Todd Gitlin, On the Port Huron Statement, NYU, April 12, 2012

The Port Huron Statement was the clearest, most vivid and energetic articulation of an awakening:  one of those great uprisings that are the crucibles of America struggling (against much violence and cruelty) to become itself—a commonwealth of free association and mutual aid.

The New Left wanted to make, out of the lonely crowd, the beloved community—the kernel of a moral awakening that would put intelligence to work in behalf of transcendent values and overcome as much human ugliness as possible.

This beloved community would be bound together in what Carl Oglesby would later call “brute love”—an association of free and struggling individuals joining together what an earlier president, Abraham Lincoln, called “the better angels of our nature.”

Brute love was distilled from a fierce chemical reaction (and I’m not just referring to controlled substances) which began with a revolt against racist evil and stupefaction, and developed into an intoxication with the vivid solidarities that are made possible, though never guaranteed, by democratic life.

The intoxication was stirred by a discovery of the bonds that could be forged from a conviction that big changes were not only necessary but possible.

The sense of necessity was both moral and intellectual.  It’s interesting:  There are not, in the Port Huron Statement, extraordinary insights into the crimes and failure and inequities of American society at the outset of the 1960s:

• white supremacy;

• the military-industrial contempt for human possibility;

• the grotesque brandishing of thermonuclear weapons in the Cold War;

• the triumph of empty labor; and so on.

The keen insight of the Port Huron Statement was that a life of shared value mattered—and that it could be lived in common—and that citizenship might matter and might, for some body of people, be practical.  The name that was affixed to that insight was “participatory democracy.”

It was, I think, intended more as a principle of social life than as a way of holding meetings.  It was not understood as an alternative to strategy or to the collective work of intellect, but as their fruition.

The genius of the Port Huron Statement, as it was structured, was placing its declaration of values up front.  The movement would not be guided by interests but by values.  It would not despise interests but it would insist that human life deserved to be less cruel and more lovely.  The intimation that the world could be remade—starting right now and right here—this was the movement’s idea—all of the movement, as Linda Gordon points out in her paper, not just the white guys.

The movement’s idea was not utopian.
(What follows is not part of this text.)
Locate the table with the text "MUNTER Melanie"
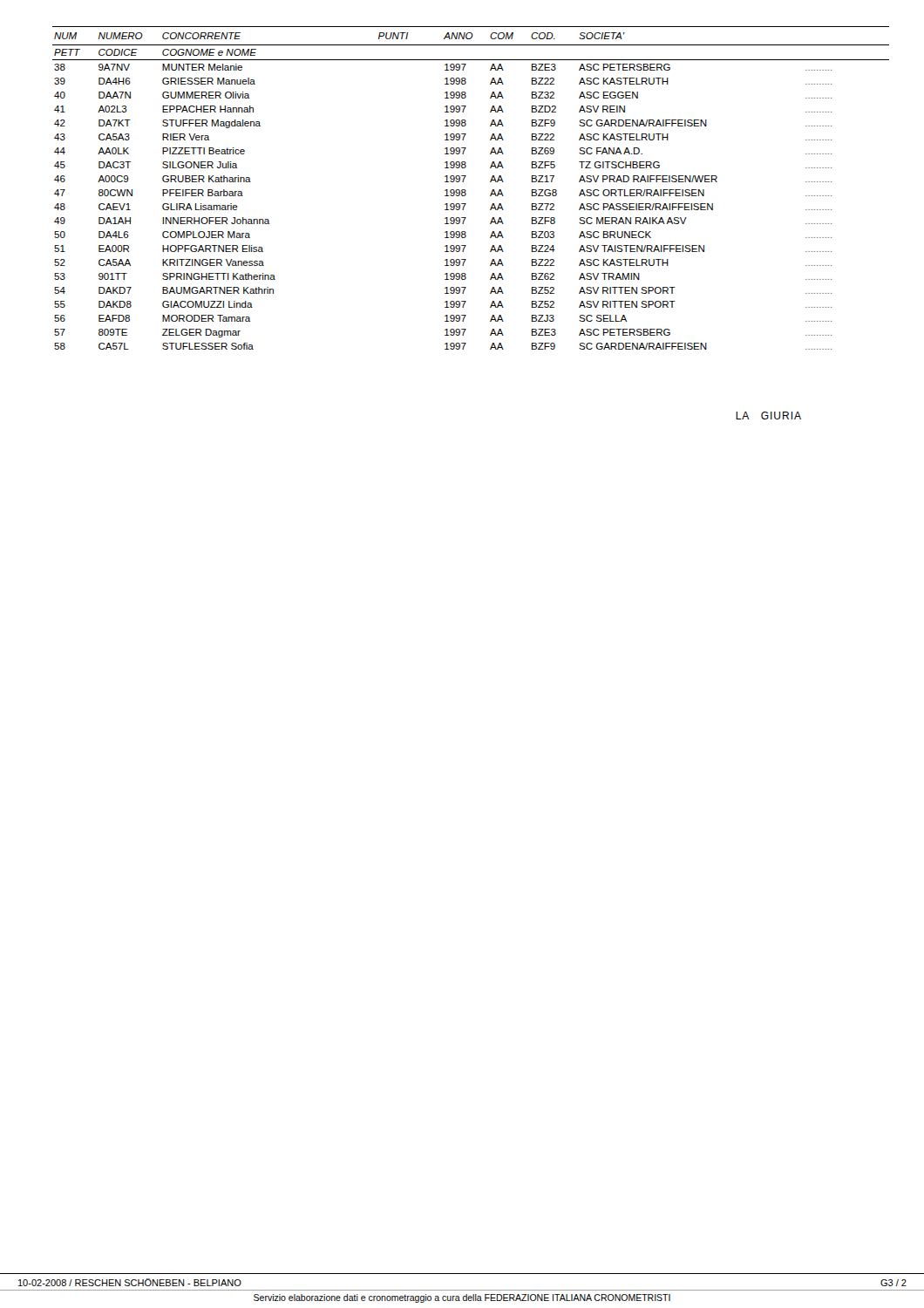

Values were the starting point.  They were not other-worldly.  They were this-worldly.  For some in the movement those values were spoken in an other-worldly spirit; for some not.  It didn’t matter.   All the eyes were on the prize.

SDS insisted that the people had to consent to their government, but more than consent—they should become a people, held together by what was best and most decent in them.

There was a penetrating hope that breathed between the lines of this remarkable document.  Within the lines, there were a lot of intellectual puzzles that the Port Huron Statement could not solve.  No one has since.  They may not be capable of solution.  For example:  What if most people do not want, at least not so much, to make the decisions at affect their lives?  Shall we then disband the people and convene another one?

But the Port Huron Statement did not say:   Follow us from Point A to Point Z.  It said:  Here we are, a bunch of people, “raised in at least modest comfort,” who are going to make the effort to live lives we are not ashamed of, in order to live in a country we are not ashamed of.  And that was a very great thing.

At the same time, we are all well aware of what we could not accomplish in the movements of that time.  And that is why we ought to be refreshing the language of values, and reawakening the awakening, and acquainting and reacquainting ourselves with our better angels.

I mean not just ourselves, the core of a movement and its passions.  I mean also the vast outer movement.  Just as there was a conspicuous ‘60s, the one recorded in the photogenic confrontations and iconic images of courage and horror, there was also  a subterranean ‘60s—less well known but just as important.  The core American values of the New Left ignited many millions of people who did not necessarily subscribe to the movement’s very doctrine and whim and style.  Around kitchen tables and in their private nights they went beyond asking:  What should the world be?  They asked themselves, and asked each other:  What should I do?

That subterranean movement, I suspect, is again or still, at work among us.  So too is the aboveground movement, reawakening the awakening, reminding ourselves of our better angels.

What a crazy idea for a crazy country, which is no less a crazy country, though a differently crazy country, than it was half a century ago, in 1962.  You can trace a line from then to now.  It’s not a straight line but a sinuous one, full of lurches, surprises, chasms, and leaps.

Today’s Occupy movement, I think, holds open the promise of a renewal, another great awakening, that moves us further along the long and winding road toward a more respectful and less cruel society, one which conserves the earth (and is therefore in an honest sense “conservative”)  and takes seriously, again, the inalienable rights of life, liberty, and the pursuit of happiness.